Local high school, adult education program trains students for careers in restaurant industry
photo by: Dylan Lysen
In just his first three months on the job at Luckyberry, Steven Wood said he’s had the two creations he made from scratch land on the restaurant’s menu. Now he’s working on what he hopes will be his third.
He said it’s an opportunity he’s been dreaming of since he was in middle school.
“I’ve always wanted to put positivity out, and cooking good food, wholesomely, was the best way I’ve found in my life to do just that,” he said. “It’s always been a passion of mine, and this (job) really opened my eyes to that.”
It’s also an opportunity that likely wouldn’t have been possible without the education Wood received through a local program dedicated to teaching the culinary arts, he said.
Wood, who is the sous chef and kitchen manager at Luckyberry, is one of the many graduates of KitchenWorks, a program by local food bank Just Food that offers the entry-level basics of the restaurant industry to high school students and adults at the Lawrence College and Career Center.
The program, which was created by local chef Rick Martin, teaches high school students or adults the basics of sanitation in the kitchen, knife skills, flavor development, making food from scratch and creativity and food design techniques in the hopes they will be able to start a career.
The adult program, which is run through local food bank Just Food, began in 2018 and offers a one-week intensive course. The high school program, which began in 2016, is through school courses that are listed as Advanced Culinary and Event Planning and Management. The classes last a full semester each.
photo by: Dylan Lysen
Prior to Luckyberry, Wood said he worked in fast-casual restaurants, which helped him learn some parts of the restaurant industry but did not offer much outside their own food creations. But through KitchenWorks, Wood said he was able to learn and understand how to make foods from scratch.
“It’s a beautiful program,” he said.
So far, about 35 students have graduated from the program, with many filling local restaurant positions. Martin, who is part owner of Luckyberry and Limestone Pizza, said it’s a great example of the local education system providing real-life experience that can be put toward building a career.
But the students aren’t only learning how to make food, said Resa Sobandi, a graduate of the program who is now the noodle production manager for the restaurant Ramen Bowls. She said Martin’s direction in the course taught her how to be a professional in the kitchen, which can often be an intense environment.
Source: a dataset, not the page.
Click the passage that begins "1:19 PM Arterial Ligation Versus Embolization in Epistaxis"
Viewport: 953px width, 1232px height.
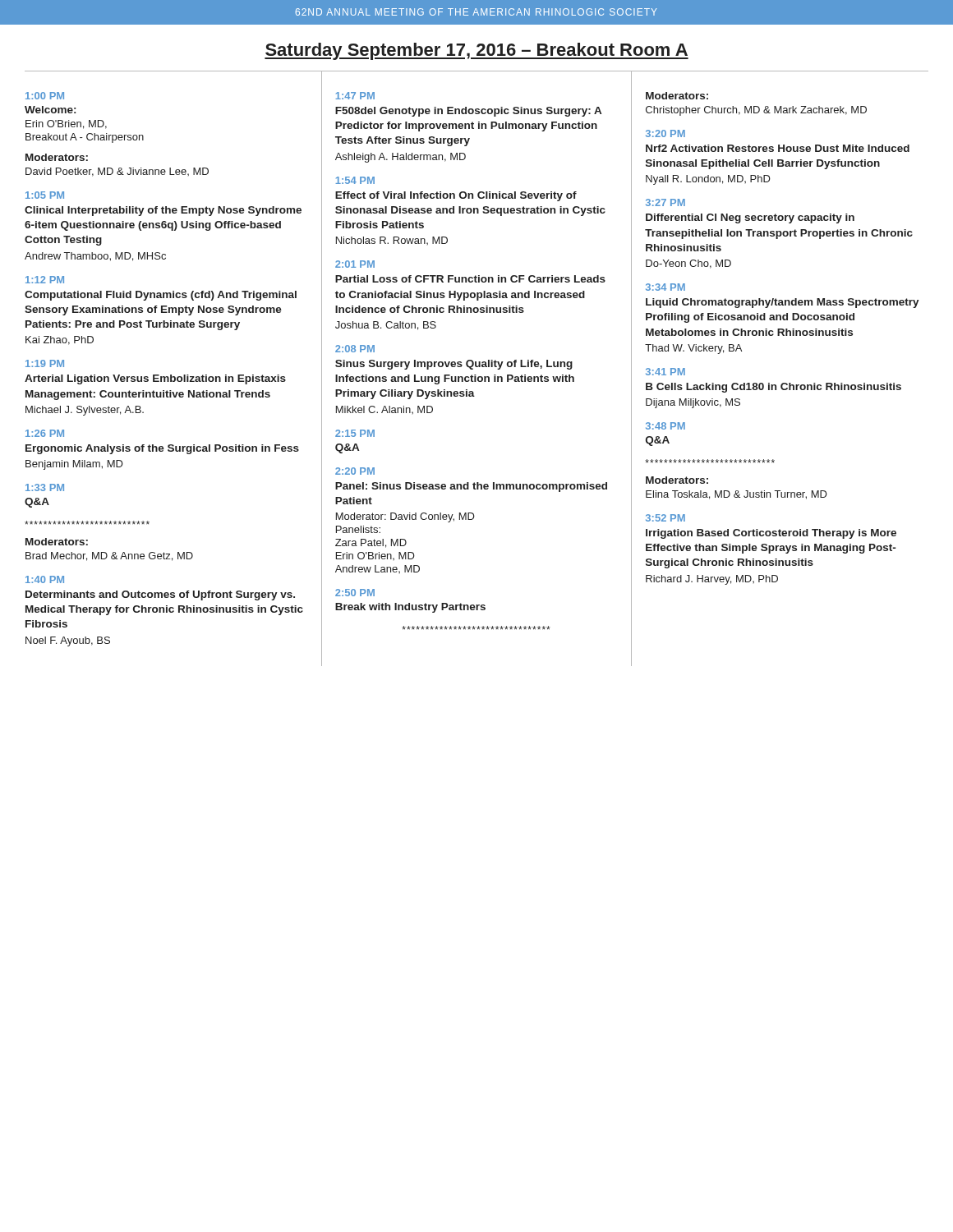(166, 386)

“It’s more important on the attitude side and how to work in the kitchen,” she said of the program. “Even if you have great knife skills, if you don’t have great interpersonal skills it’s not going to take you anywhere.”
Sobandi said she was grateful for her education through the program because she had been unemployed for about two years after she gave birth to her child. Although she had no experience of working in the kitchen prior to the program, she was able to land a job with Ramen Bowls, she said.
Since joining, she has moved up the position ladder of the restaurant and now enjoys the confidence of the restaurant’s owners to lead her current position, of which she is the first to serve. She said the skills she learned through the program are put to use every day on the job.
“It’s a very great program,” she said.
Martin said he started the program because he previously noticed Lawrence businesses were struggling to fill entry-level restaurant positions. At the same time, he was teaching a course for Just Food that trained local residents how to make cheap and healthy meals at home. Some of the students in the training course were interested in going further, he said.
“We just weren’t getting enough people applying at our restaurants, but yet we had people at the (Just Food) who were interested in careers and making some money,” Martin said.
Although the high schools offer other food and baking courses, Martin said the KitchenWorks program is not an education opportunity for food enthusiasts looking to expand their knowledge on a hobby. Instead, these students are training for a career, he said.
“After the first semester, they are beyond entry level and ready for skilled positions,” Martin said. “When they finish their second semester, I think they are ready for management.”
photo by: Dylan Lysen
Emilie Rodman, a senior at Lawrence High School, is one of a handful of high school students participating in the program this semester. She is currently taking a baking and pastry course with chef Camille Eichorn, who has been a professional chef since 2006.
When she first joined the program last school year, Rodman said she also got the opportunity to work for Luckyberry like many other students.
“It opened up a lot of opportunities, which was what I was looking for,” she said.
Now she works as a kitchen worker for the Lawrence restaurant Fields and Ivy Brewery. She, too, hopes to one day make her own food creations, she said, specifically focusing on comfort food most often found on the gulf coast of the southeastern U.S.
“One hundred percent,” she said when asked if she wanted to pursue a culinary career. “My plan is to open my own business.”
Elizabeth Keever, executive director for Just Food, said the food bank will begin another one-week course on Sept. 23. Those who are interested can find more information at justfoodks.org.